United Kingdom

Cricket lawmaker MCC rejects bamboo bats because it's 'grass' not wood

Cricket's lawmakers the Marylbone Cricket Club (MCC) has rejected that bamboo bats could provide an alternative to willow because bamboo is grass and not wood. 

In order for bamboo bats to be given the go-ahead, there would need to be an amendment to the laws of cricket. 

And the MCC has vowed to discuss this at the next laws sub-committee meeting. 

In a statement, the club said: "MCC has read with interest the research study from the University of Cambridge, which suggests that cricket bats made from bamboo offer a more suitable alternative to the traditional use of willow.

"Currently, Law 5.3.2 states that the blade of the bat must consist solely of wood, so for bamboo (which is a grass) to be considered as a realistic alternative to willow would require a law change.  

"Importantly, the law would need to be altered to allow bamboo specifically, as even if it were to be recognised as a wood, this would still be illegal under the current Law, which bans lamination of the blade, except in junior bats.

"MCC’s role as Guardian of the laws includes maintaining the balance between bat and ball, and any potential amendments to the law would need to carefully take this into consideration, particularly the concept of the bat producing greater power."

In 2008 the MCC banned bats with a graphite shaft which were being used by professionals and amateur players and in 2017 the lawmakers cracked down on the increasing dimensions of modern bats by imposing a law that meant a bat could be a maximum of 108mm in width, 67mm in depth and 40mm edges.

The statement added: "Sustainability is a relevant topic for MCC and indeed cricket, and this angle of willow alternatives should also be considered.

"With the researchers stating that the most suitable types of bamboo grow abundantly across China and that low-cost production could make bamboo bats a viable and ethical alternative to willow, this could provide a pertinent angle for further research and the possibility of reducing the cost of producing bats in different areas of the world.

"The club will discuss the topic at the next laws sub-committee meeting."

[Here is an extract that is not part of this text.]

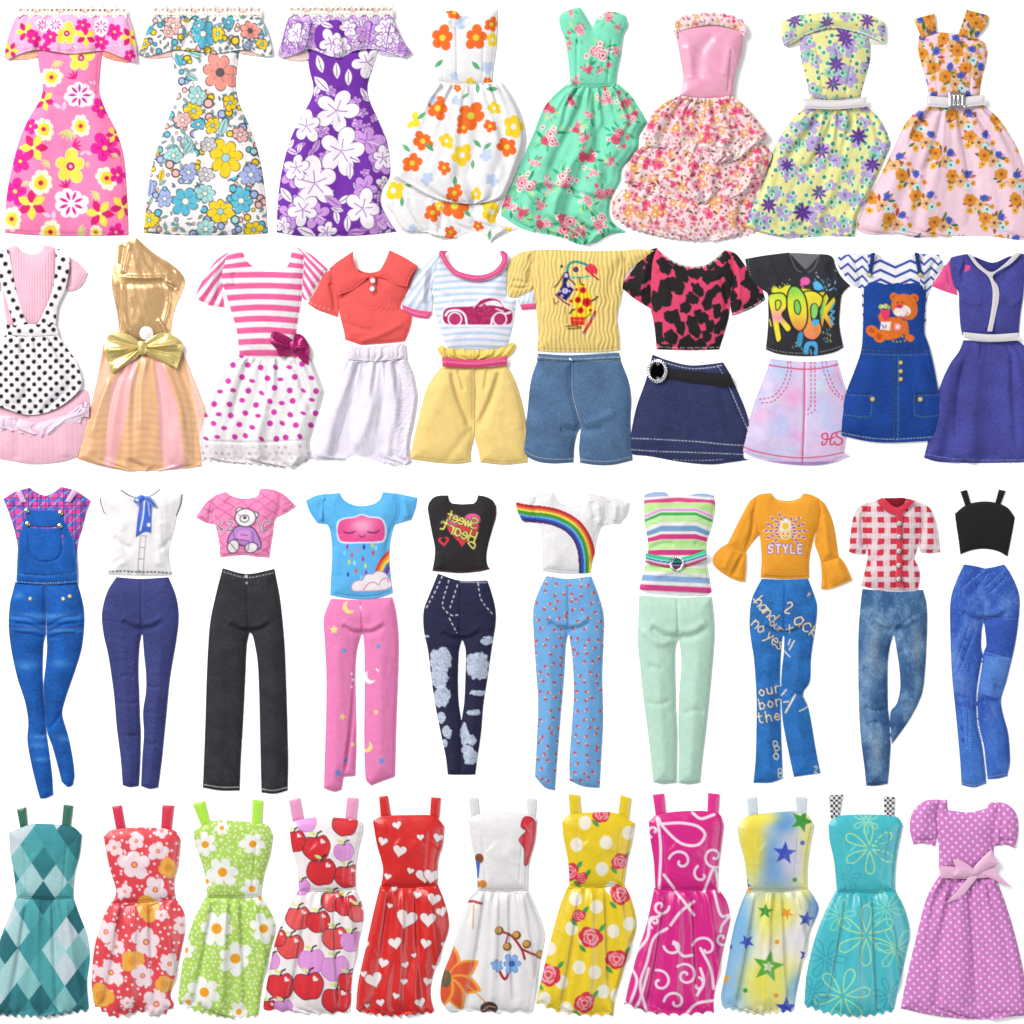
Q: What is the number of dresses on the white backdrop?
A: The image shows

The Telegraph reported on Monday how a Cambridge University study indicated that a prototype bamboo cricket bat had a larger sweet spot than a traditional willow blade, is stronger, more sustainable and cheaper to produce.

The lower cost could boost participation in countries such as India and China which have fewer financial resources, according to the research published in the Journal of Sports Engineering and Technology.

The study indicated that bamboo is 22 percent stiffer than willow which increases the speed at which the ball leaves the bat.

Researchers said the sweet spot on their prototype performed 19 percent better than that on a traditional willow bat and was closer to the toe.

Dr Darshil Shah of Cambridge's Centre for Natural Material Innovation, who is a former member of Thailand's under-19 national cricket team, said: "This is a batsman's dream.

"The sweet spot on a bamboo bat makes it much easier to hit a four off a yorker for starters, but it's exciting for all kinds of strokes.

"We'd just need to adjust our technique to make the most of it, and the bat's design requires a little optimisation too."

The investigations included microscopic analysis, video capture technology, computer modelling, compression testing, and testing for vibrations.

Players using bamboo bats would not feel any more vibration than with a willow bat, according to the research.

The study points out there is a shortage of good-quality willow, which takes up to 15 years to mature - mostly in England - to the point where the wood can be used to make cricket bats.

By contrast, the maturing age of Moso bamboo is five to six years and it grows abundantly in China, south-east Asia and South America.

Study co-author Ben Tinkler-Davies said: "Cricket brings you really close to nature, you spend hours out in the field, but I think the sport can do a lot more for the environment by promoting sustainability.

"We've identified a golden opportunity to achieve that while also helping lower income countries to produce bats at lower cost."

The materials used to make cricket bats are regulated by the Marylebone Cricket Club (MCC), the sport's governing body, and rules say "the blade shall consist solely of wood".

Dr Shah said: "Bamboo is a grass not a wood so there would need to be discussions with the MCC, but we think playing with a bamboo bat would be within the spirit of the game because it's a plant-based material and cane, a type of grass, is already used in the handle.

"Tradition is really important but think about how much cricket bats, pads, gloves and helmets have already evolved.

"The width and thickness of bats have changed dramatically over the decades.

"So if we can go back to having thinner blades but made from bamboo, while improving performance, outreach and sustainability, then why not?"

The pair tested the sound of leather on bamboo and Mr Tinkler-Davies insisted the frequency is "very similar" to willow, adding: "Whether you're playing or spectating, you wouldn't notice much of a difference.

"Our first prototype bat is 40% heavier than most full-size willow cricket bats so we now need to work out the optimum design to reduce that.

"Because laminated bamboo is so strong, we're very confident we can make a bamboo bat light enough, even for today's fast-scoring, short forms of the game."

The researchers hope to enter discussions with the MCC and leading bat manufacturers.